_Input data_
Content starts

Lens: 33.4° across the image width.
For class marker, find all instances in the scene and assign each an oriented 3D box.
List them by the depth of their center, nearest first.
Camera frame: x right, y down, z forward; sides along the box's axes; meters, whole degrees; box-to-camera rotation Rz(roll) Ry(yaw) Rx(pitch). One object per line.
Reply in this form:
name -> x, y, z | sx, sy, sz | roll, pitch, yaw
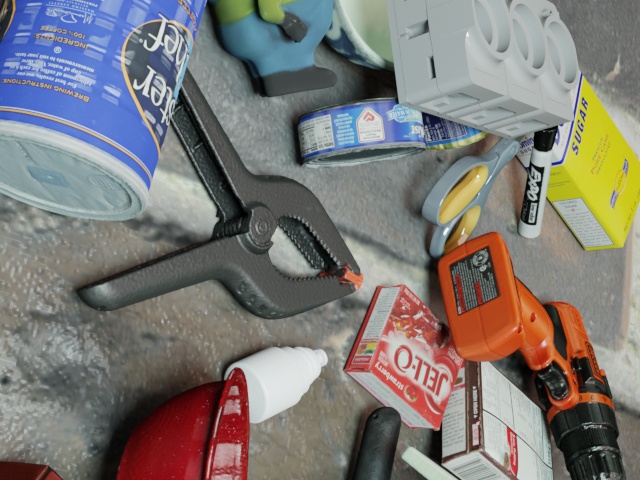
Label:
marker -> 0.178, -0.051, 0.872 | 0.020, 0.020, 0.121 | -47, 150, -37

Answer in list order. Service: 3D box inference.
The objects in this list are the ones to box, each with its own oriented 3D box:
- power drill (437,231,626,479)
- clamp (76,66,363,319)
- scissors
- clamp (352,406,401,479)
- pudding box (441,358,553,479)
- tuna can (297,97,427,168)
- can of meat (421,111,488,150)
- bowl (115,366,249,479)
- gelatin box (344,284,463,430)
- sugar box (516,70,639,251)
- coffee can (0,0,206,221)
power drill -> 0.165, 0.094, 0.811 | 0.187, 0.057, 0.184 | 43, 27, -39
clamp -> -0.054, 0.001, 0.667 | 0.209, 0.036, 0.164 | 36, 61, -37
scissors -> 0.139, -0.053, 0.845 | 0.201, 0.016, 0.096 | -35, 144, -40
clamp -> 0.027, 0.199, 0.723 | 0.171, 0.039, 0.120 | -42, 113, -44
pudding box -> 0.137, 0.152, 0.822 | 0.113, 0.039, 0.090 | 43, 36, -35
tuna can -> 0.028, -0.072, 0.723 | 0.085, 0.086, 0.034 | -5, 87, -45
can of meat -> 0.109, -0.126, 0.831 | 0.101, 0.058, 0.084 | -34, 110, -42
bowl -> -0.077, 0.148, 0.582 | 0.162, 0.055, 0.162 | 5, 89, -86
gelatin box -> 0.065, 0.086, 0.780 | 0.089, 0.030, 0.073 | 44, 57, -32
sugar box -> 0.225, -0.082, 0.947 | 0.176, 0.048, 0.093 | 48, 55, -31
coffee can -> -0.123, -0.094, 0.564 | 0.102, 0.103, 0.140 | 30, 65, -39
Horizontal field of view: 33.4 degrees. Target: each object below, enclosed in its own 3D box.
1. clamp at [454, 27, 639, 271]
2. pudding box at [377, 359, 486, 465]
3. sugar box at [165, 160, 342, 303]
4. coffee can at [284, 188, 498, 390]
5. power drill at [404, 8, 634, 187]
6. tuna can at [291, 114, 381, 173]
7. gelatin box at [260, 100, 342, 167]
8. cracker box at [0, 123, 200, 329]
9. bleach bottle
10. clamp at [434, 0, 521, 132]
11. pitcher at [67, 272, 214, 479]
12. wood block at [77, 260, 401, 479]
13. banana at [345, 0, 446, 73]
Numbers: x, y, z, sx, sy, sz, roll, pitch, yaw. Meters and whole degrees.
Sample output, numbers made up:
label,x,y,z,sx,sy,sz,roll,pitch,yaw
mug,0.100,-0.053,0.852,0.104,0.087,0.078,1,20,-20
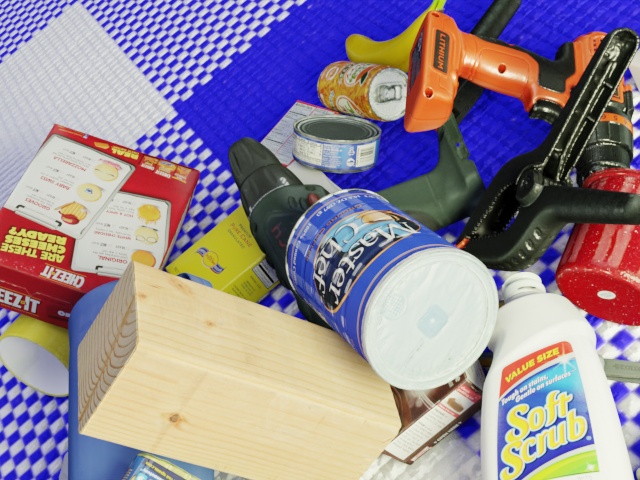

Content ends

_What this task involves_
Reproduce only the lines from the beginning of the data through the line that contains "- sugar box (516,70,639,251)", both included, and please drop the pictures.

_Final answer_
Lens: 33.4° across the image width.
For class marker, find all instances in the scene and assign each an oriented 3D box.
List them by the depth of their center, nearest first.
Camera frame: x right, y down, z forward; sides along the box's axes; meters, whole degrees; box-to-camera rotation Rz(roll) Ry(yaw) Rx(pitch). One object per line.
Reply in this form:
name -> x, y, z | sx, sy, sz | roll, pitch, yaw
Label:
marker -> 0.178, -0.051, 0.872 | 0.020, 0.020, 0.121 | -47, 150, -37

Answer in list order. Service: 3D box inference.
The objects in this list are the ones to box, each with its own oriented 3D box:
- power drill (437,231,626,479)
- clamp (76,66,363,319)
- scissors
- clamp (352,406,401,479)
- pudding box (441,358,553,479)
- tuna can (297,97,427,168)
- can of meat (421,111,488,150)
- bowl (115,366,249,479)
- gelatin box (344,284,463,430)
- sugar box (516,70,639,251)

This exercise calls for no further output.